Ya seguiré más adelante, que tengo que trabajar un poco.

 
At 1:59 p. m., Blogger fonz said...

Y lo agusto que me he quedao soltando todo este post... A ver, por partes.

Xoota,

Ja, que punto lo del coreano, supongo que a Cooke le dió pereza y pasó de todo o se quería hacer el listo como le pasaba a Claremont y sus famosas expresiones en otros idiomas que a veces aparecían con errores ortográficos.

Con Shade te pasará como a mí con Doom Patrol, son tebeos que encajan perfectamente en un sistema mental, que llegan en el momento y el lugar adecuados. Luego claro, llegará alguien , leerá la reseña de la Doom Patrol, se comprará el tebeo y le parecerá cualquier cosa. A mí Shade me gusta, pero si mejorara un poquitín y encontrara una dirección clara sería la leche.

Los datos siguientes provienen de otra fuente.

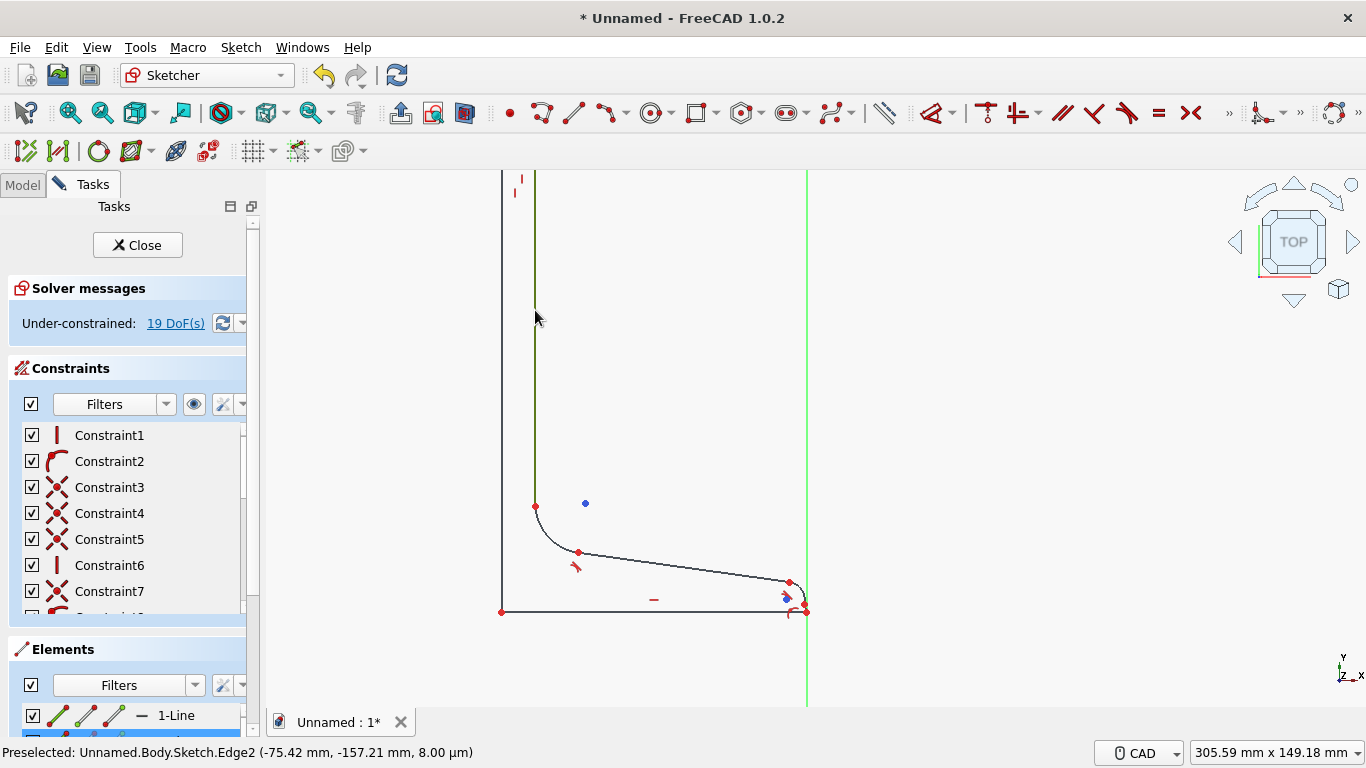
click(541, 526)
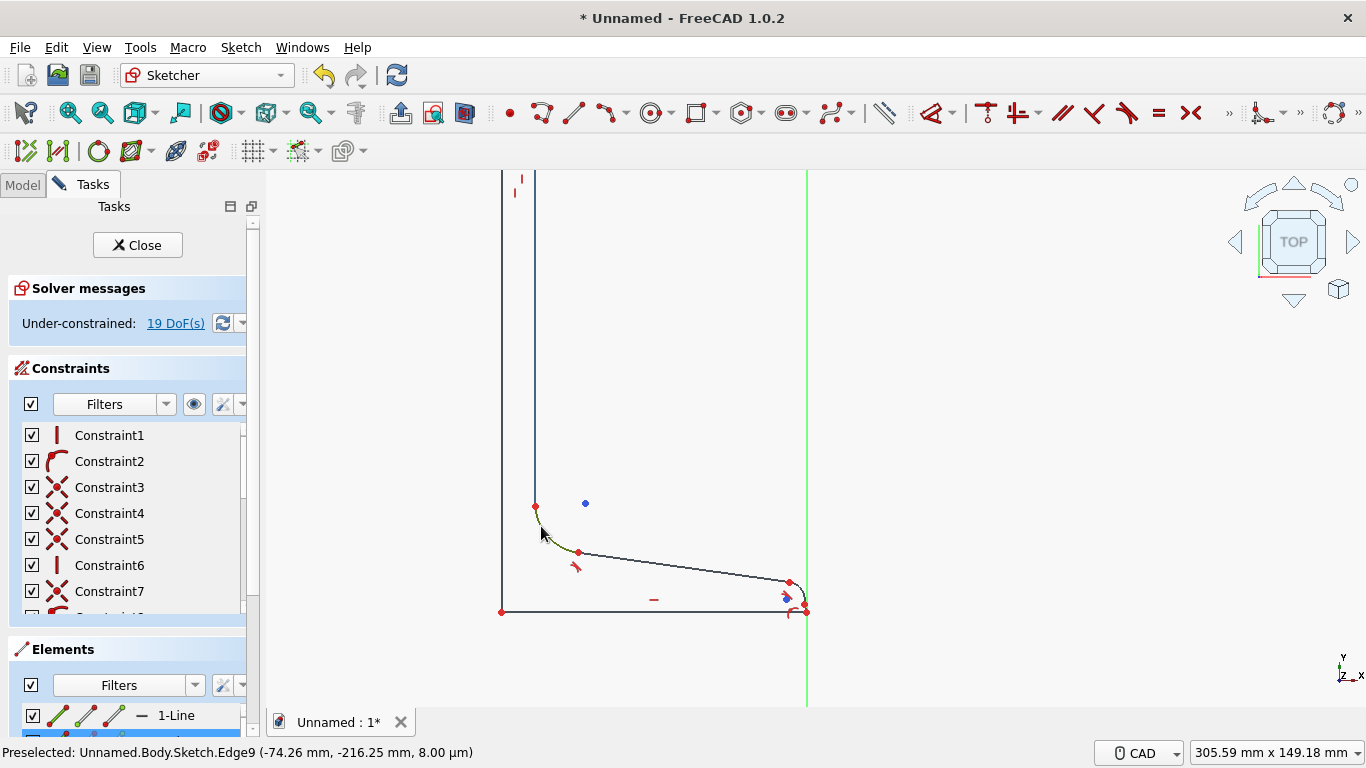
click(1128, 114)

Y con el Torrezno tres cuartos de lo mismo, espero que os mole a todos cuando leáis el primer volumen porque después de toda la barrila que he dado tanto aquí como en cyberdark, como no guste sé de más de uno que me corta los mismísimos...

 
At 2:54 p. m., Anonymous Llosef said...

Apabullante, fonz, de verdad.

Yo sólo comentar que me ENCANTÓ el alucinante enfrentamiento entre el Hombre de Hierro y Mr. Sensible en X-Static. Cómo mofarse de algo sin perder de vista la esencia de los personajes. Una burla despiadada que también es, paradójicamente, un homenaje. O al menos es lo que me pareció. Al leerlo me reía a carcajadas, pero al tiempo no dejaba de pensar (bueno, pensar, pensar, ya sabemos que no, pero casi): "joder, pero si existieran, seguramente sería así".

Una reflexión sobre superhéroes que comienza "pero si existieran" no dice nada bueno de mí, ¿no?